甲状腺癌（TC）是内分泌系统的主要恶性肿瘤。我们研究了n6 -甲基腺苷（m6A）解读器异质核核糖核蛋白C （HNRNPC）通过稳定程序性死亡配体1 （PD-L1）促进TC免疫逃逸的机制。利用数据库分析HNRNPC在TC组织中的表达。体外培养人TC细胞BHT-101、B-CPAP、SW579和人甲状腺滤泡上皮细胞Nthy-ori3-1。SW579细胞用pcDNA3.1-HNRNPC （e- hnrnpc）和小干扰(si)-PD-L1处理，B-CPAP细胞用si- hnrnpc转染。RT-qPCR和Western blot检测HNRNPC和PD-L1的表达水平。通过CCK-8、菌落形成和Transwell试验评估细胞增殖、迁移和侵袭。采用流式细胞术和酶联免疫吸附法检测羧荧光素二醋酸琥珀酰亚胺酯标记的CD8+ T细胞增殖及效应细胞因子（干扰素-γ、肿瘤坏死因子-α）水平。通过数据库和RIP分析HNRNPC与TC组织中PD-L1表达、PD-L1信使RNA （mRNA）上m6A修饰位点以及HNRNPC与PD-L1相互作用的相关性。Me-RIP法检测PD-L1 m6A修饰。用放线菌素d处理细胞检测PD-L1 mRNA的稳定性，HNRNPC在TC细胞中显著高表达。HNRNPC促进TC细胞增殖、迁移和侵袭，促进免疫逃逸。机制上，HNRNPC介导m6A修饰增强PD-L1 mRNA的稳定性，上调PD-L1的表达。此外，PD-L1的敲低部分逆转了HNRNPC对TC细胞免疫逃逸的促进作用。HNRNPC通过m6A修饰增强PD-L1的稳定性，上调PD-L1的表达，从而促进TC的免疫逃逸。

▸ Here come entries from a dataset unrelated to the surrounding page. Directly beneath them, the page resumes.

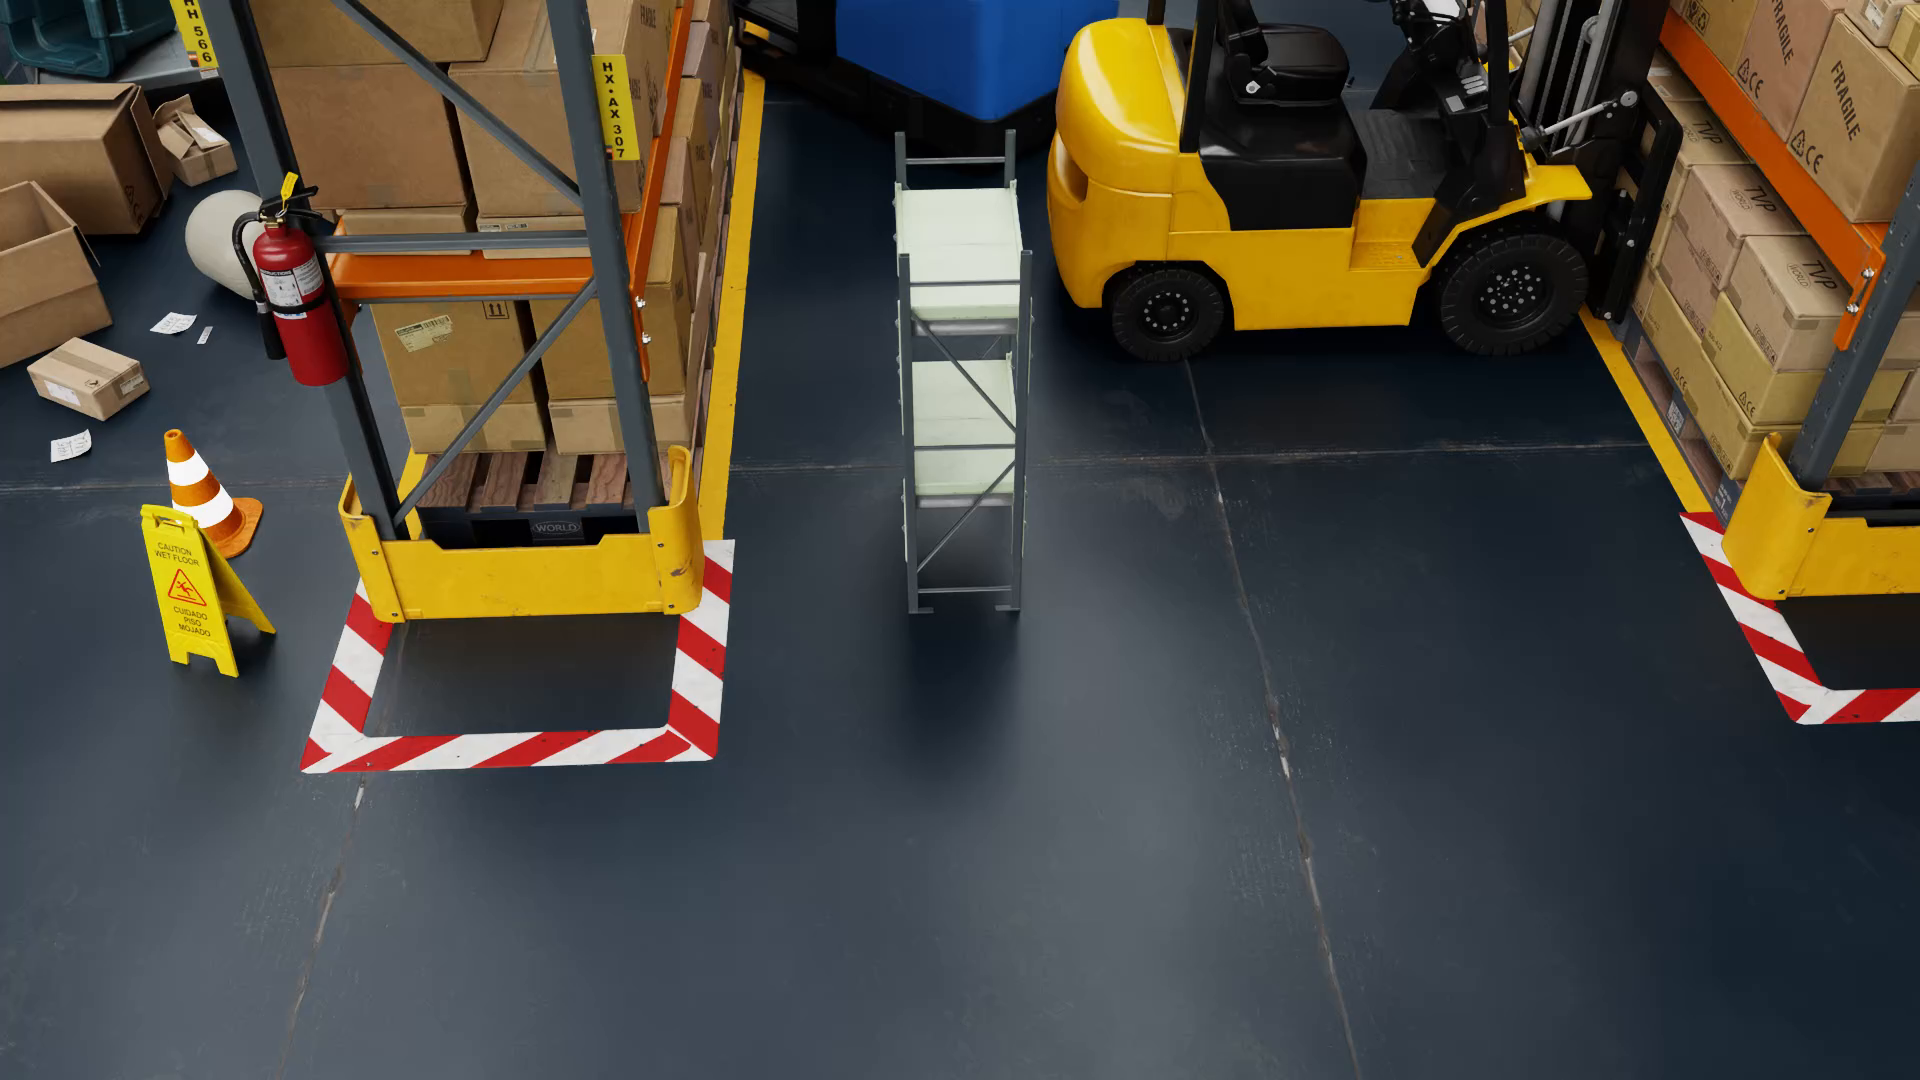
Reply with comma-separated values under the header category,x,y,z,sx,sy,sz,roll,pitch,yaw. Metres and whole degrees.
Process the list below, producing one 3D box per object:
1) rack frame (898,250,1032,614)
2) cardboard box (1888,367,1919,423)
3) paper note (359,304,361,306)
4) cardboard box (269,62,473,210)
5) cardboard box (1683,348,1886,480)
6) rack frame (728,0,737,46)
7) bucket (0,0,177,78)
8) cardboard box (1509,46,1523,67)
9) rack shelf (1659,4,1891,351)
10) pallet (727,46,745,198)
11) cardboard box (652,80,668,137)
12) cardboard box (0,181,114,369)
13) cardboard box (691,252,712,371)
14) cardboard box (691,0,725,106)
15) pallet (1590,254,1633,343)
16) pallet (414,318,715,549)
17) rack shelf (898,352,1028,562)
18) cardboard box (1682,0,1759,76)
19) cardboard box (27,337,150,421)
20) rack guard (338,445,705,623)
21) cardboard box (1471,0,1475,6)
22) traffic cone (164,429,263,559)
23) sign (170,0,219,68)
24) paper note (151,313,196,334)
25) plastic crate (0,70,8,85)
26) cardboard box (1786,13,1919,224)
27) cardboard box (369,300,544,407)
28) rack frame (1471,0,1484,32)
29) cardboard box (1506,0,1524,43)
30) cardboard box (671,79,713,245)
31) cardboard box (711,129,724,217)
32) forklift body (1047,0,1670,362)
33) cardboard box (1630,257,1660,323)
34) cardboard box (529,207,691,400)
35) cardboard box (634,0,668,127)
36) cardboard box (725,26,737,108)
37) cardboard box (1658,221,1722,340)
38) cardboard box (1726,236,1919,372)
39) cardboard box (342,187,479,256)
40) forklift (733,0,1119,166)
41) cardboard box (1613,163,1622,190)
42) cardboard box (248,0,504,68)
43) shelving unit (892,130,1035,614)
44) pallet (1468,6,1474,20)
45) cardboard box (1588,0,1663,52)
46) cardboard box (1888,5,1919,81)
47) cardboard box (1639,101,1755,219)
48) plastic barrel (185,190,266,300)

本文章由计算机程序翻译，如有差异，请以英文原文为准。

求助全文

约1分钟内获得全文求助全文

来源期刊

Cytotechnology 生物-生物工程与应用微生物

CiteScore

4.10

自引率

0.00%

发文量

审稿时长

6-12 weeks

期刊介绍： The scope of the Journal includes: 1. The derivation, genetic modification and characterization of cell lines, genetic and phenotypic regulation, control of cellular metabolism, cell physiology and biochemistry related to cell function, performance and expression of cell products. 2. Cell culture techniques, substrates, environmental requirements and optimization, cloning, hybridization and molecular biology, including genomic and proteomic tools. 3. Cell culture systems, processes, reactors, scale-up, and industrial production. Descriptions of the design or construction of equipment, media or quality control procedures, that are ancillary to cellular research. 4. The application of animal/human cells in research in the field of stem cell research including maintenance of stemness, differentiation, genetics, and senescence, cancer research, research in immunology, as well as applications in tissue engineering and gene therapy. 5. The use of cell cultures as a substrate for bioassays, biomedical applications and in particular as a replacement for animal models.